= Source material =
____
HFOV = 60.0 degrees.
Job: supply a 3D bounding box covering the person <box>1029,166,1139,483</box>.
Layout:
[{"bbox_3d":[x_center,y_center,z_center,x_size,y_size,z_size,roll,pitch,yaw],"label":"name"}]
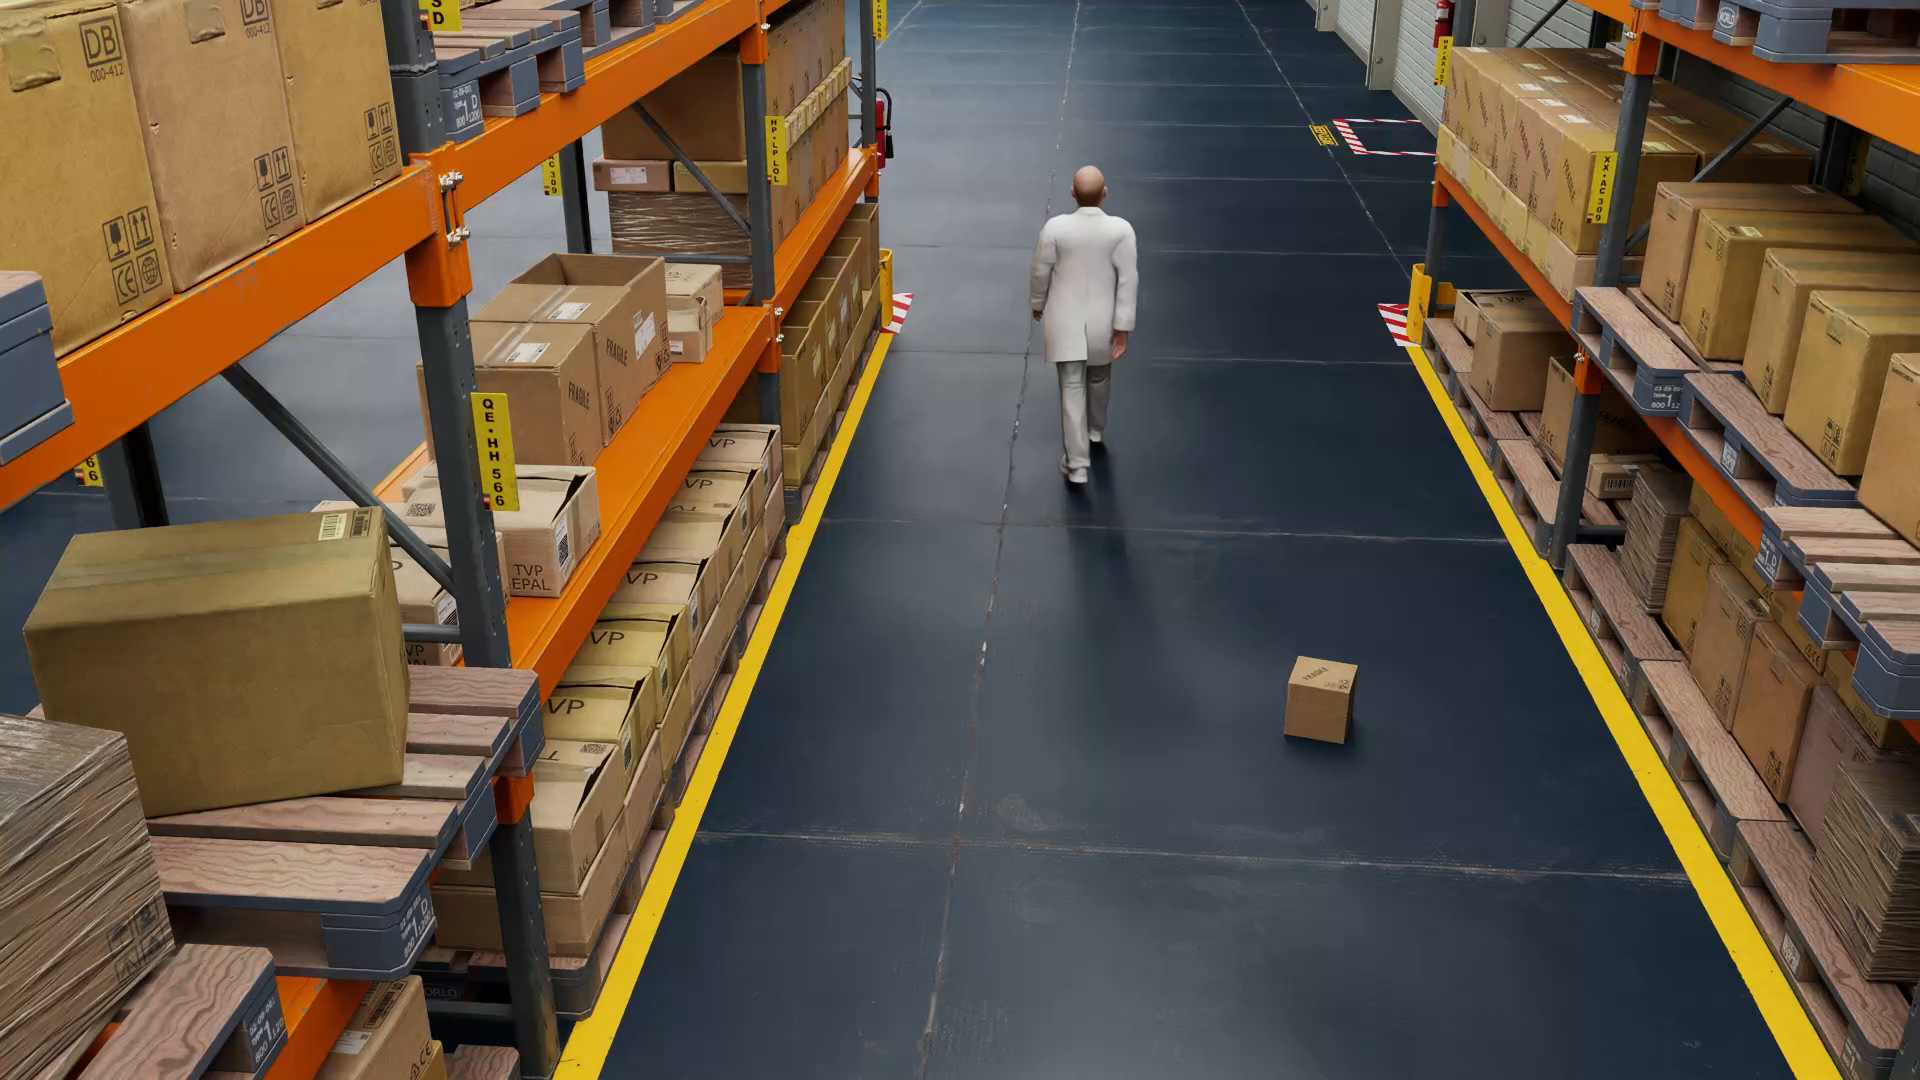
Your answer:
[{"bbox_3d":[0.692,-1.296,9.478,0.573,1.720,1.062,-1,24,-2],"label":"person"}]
____
Every record must be copied exactly, with the pictures left out.

= Reply =
HFOV = 60.0 degrees.
Job: supply a 3D bounding box covering the person <box>1029,166,1139,483</box>.
Layout:
[{"bbox_3d":[x_center,y_center,z_center,x_size,y_size,z_size,roll,pitch,yaw],"label":"name"}]
Your answer:
[{"bbox_3d":[0.692,-1.296,9.478,0.573,1.720,1.062,-1,24,-2],"label":"person"}]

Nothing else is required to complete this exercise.